Task description ▸ List each line of the data that holds the string "frame", please.

Excerpted records ▸

##############################

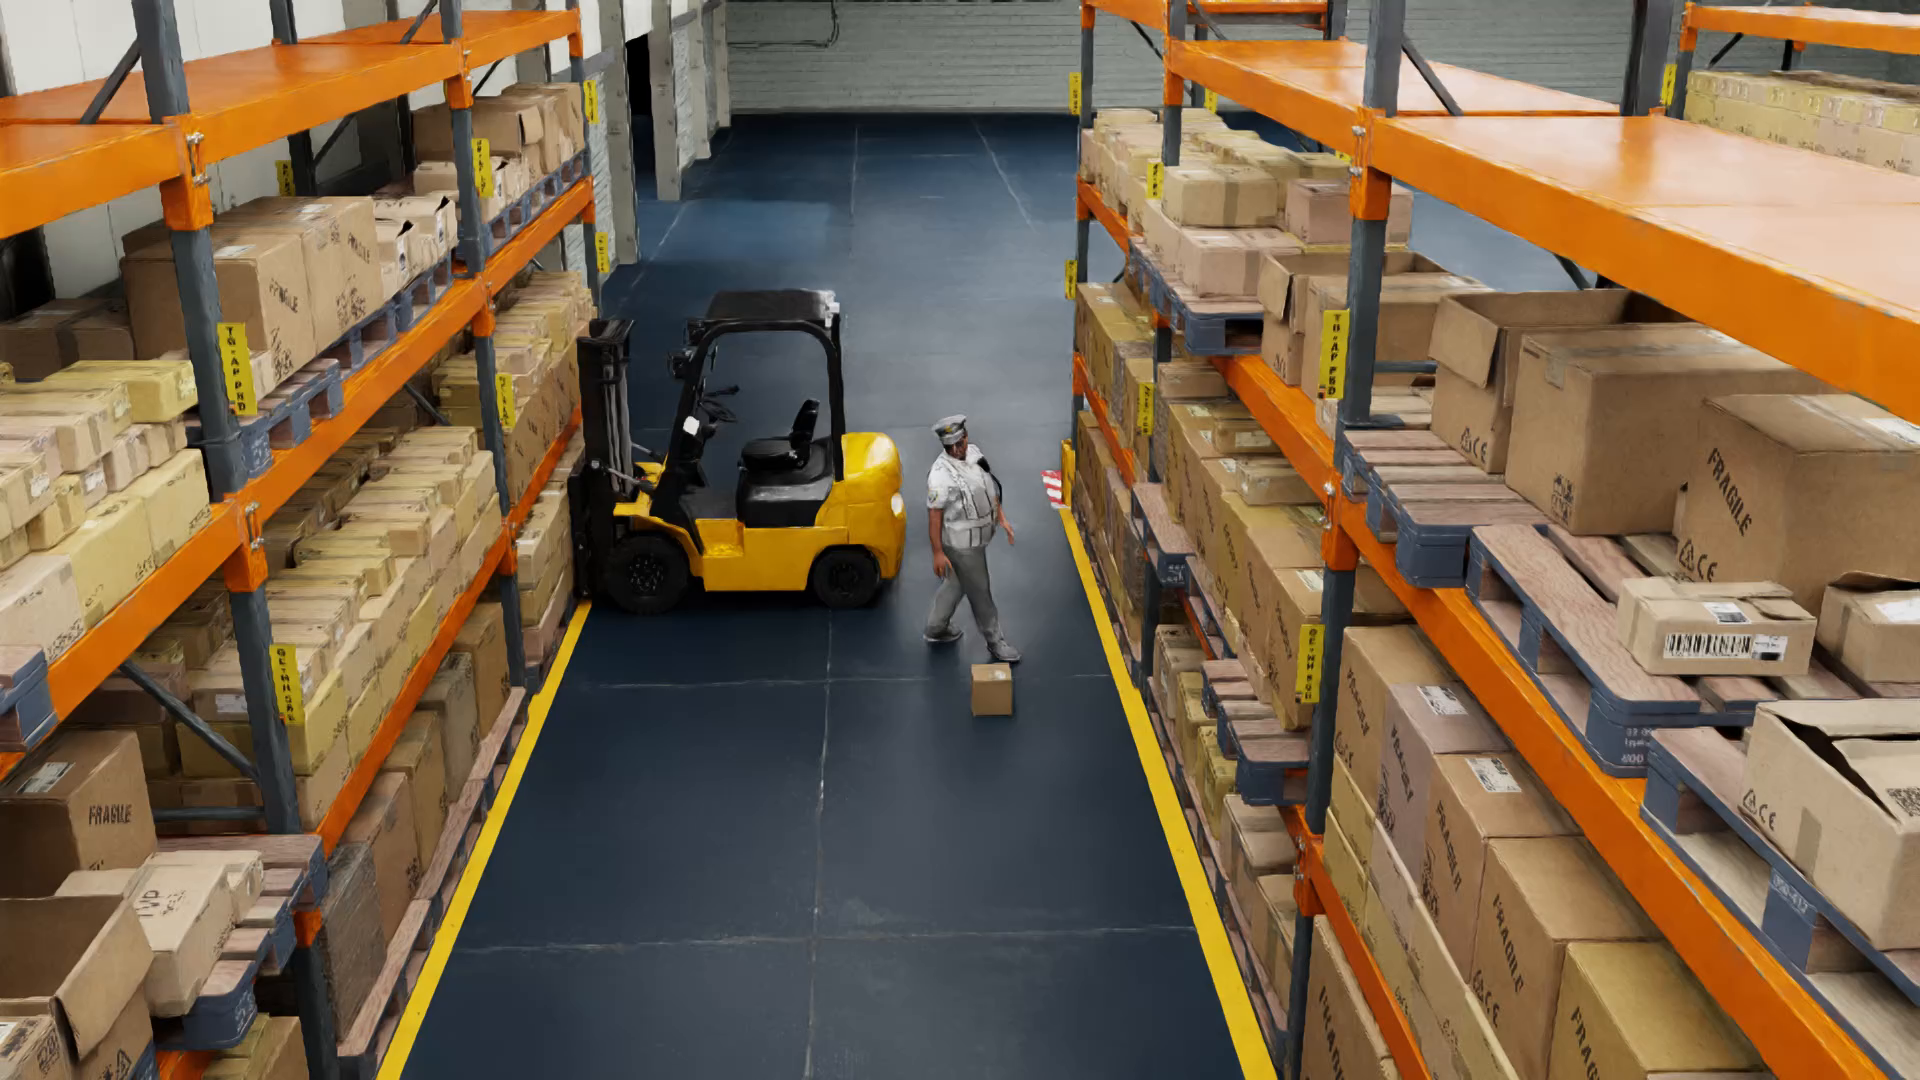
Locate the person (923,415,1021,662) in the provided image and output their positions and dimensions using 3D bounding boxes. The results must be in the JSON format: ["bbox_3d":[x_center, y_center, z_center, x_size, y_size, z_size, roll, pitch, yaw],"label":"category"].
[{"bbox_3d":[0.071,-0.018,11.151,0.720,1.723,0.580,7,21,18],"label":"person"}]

##############################

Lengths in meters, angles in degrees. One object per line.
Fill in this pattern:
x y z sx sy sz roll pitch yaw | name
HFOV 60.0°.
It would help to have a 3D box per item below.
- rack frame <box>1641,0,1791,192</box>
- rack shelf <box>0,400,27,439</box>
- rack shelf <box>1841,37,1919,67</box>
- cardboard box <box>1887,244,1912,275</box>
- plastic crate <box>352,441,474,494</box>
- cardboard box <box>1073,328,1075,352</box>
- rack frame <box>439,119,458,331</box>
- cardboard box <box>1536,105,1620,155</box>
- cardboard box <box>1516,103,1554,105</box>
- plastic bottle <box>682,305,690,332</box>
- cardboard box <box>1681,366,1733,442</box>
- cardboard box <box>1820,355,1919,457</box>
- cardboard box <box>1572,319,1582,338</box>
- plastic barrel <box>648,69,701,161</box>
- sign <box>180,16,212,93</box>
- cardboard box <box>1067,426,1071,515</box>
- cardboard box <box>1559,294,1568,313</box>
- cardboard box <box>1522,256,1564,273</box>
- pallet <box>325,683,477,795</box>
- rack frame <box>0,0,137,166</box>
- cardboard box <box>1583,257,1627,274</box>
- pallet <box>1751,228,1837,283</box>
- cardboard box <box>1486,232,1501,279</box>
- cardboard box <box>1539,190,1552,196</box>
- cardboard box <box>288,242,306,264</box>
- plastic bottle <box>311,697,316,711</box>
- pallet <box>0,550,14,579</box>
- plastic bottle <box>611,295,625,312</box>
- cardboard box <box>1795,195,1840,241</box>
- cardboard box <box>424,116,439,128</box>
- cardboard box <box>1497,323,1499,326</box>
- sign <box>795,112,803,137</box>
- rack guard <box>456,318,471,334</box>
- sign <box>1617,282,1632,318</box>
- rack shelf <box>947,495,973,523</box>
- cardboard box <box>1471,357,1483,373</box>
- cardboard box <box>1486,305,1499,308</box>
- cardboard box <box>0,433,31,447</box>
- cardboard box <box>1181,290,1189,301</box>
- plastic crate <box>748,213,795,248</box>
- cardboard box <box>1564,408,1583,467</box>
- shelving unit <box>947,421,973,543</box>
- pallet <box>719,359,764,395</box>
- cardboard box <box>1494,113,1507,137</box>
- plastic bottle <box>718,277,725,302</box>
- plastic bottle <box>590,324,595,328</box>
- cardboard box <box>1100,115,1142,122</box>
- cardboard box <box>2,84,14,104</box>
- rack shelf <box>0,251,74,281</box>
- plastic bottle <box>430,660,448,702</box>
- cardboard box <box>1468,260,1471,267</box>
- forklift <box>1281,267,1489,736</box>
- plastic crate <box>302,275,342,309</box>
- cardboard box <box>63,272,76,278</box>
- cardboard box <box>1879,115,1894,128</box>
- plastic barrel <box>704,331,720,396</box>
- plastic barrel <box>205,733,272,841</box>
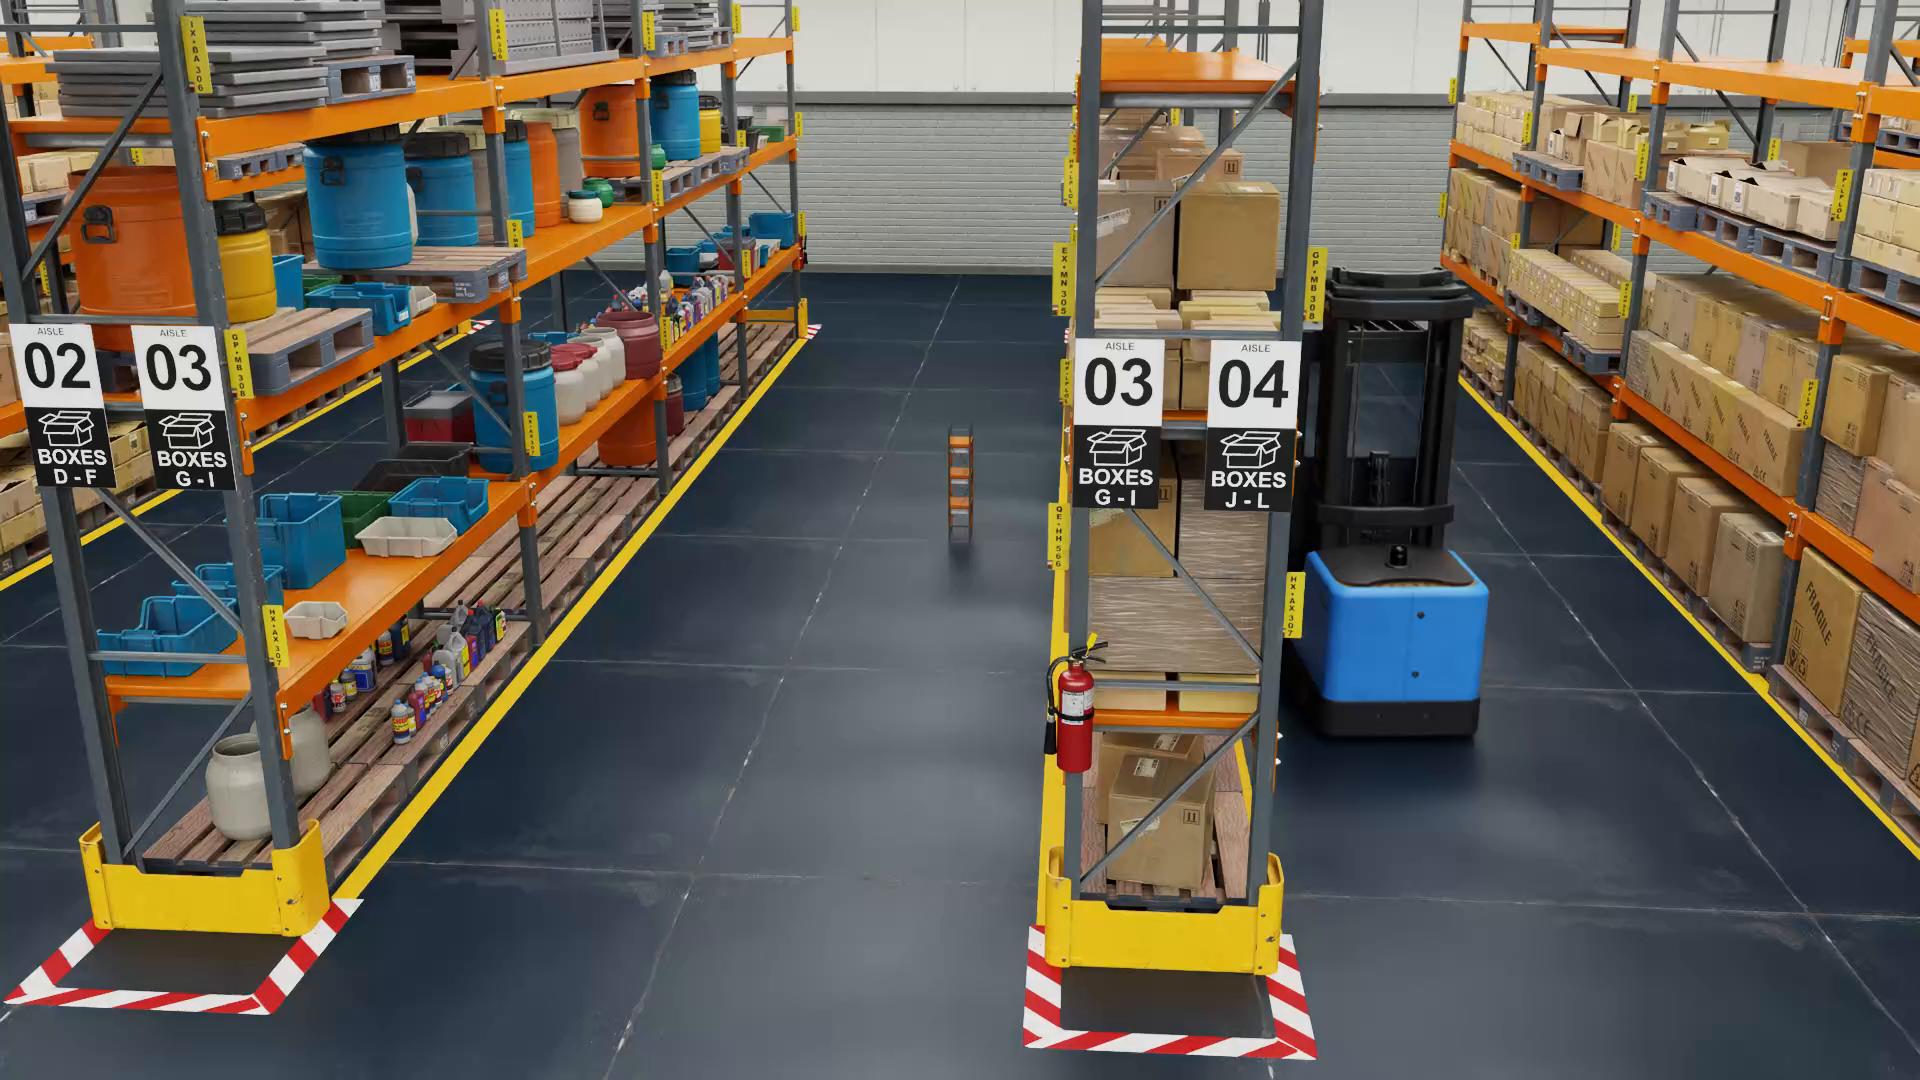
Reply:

##############################

Written answer ▸
- rack frame <box>1641,0,1791,192</box>
- rack frame <box>439,119,458,331</box>
- rack frame <box>0,0,137,166</box>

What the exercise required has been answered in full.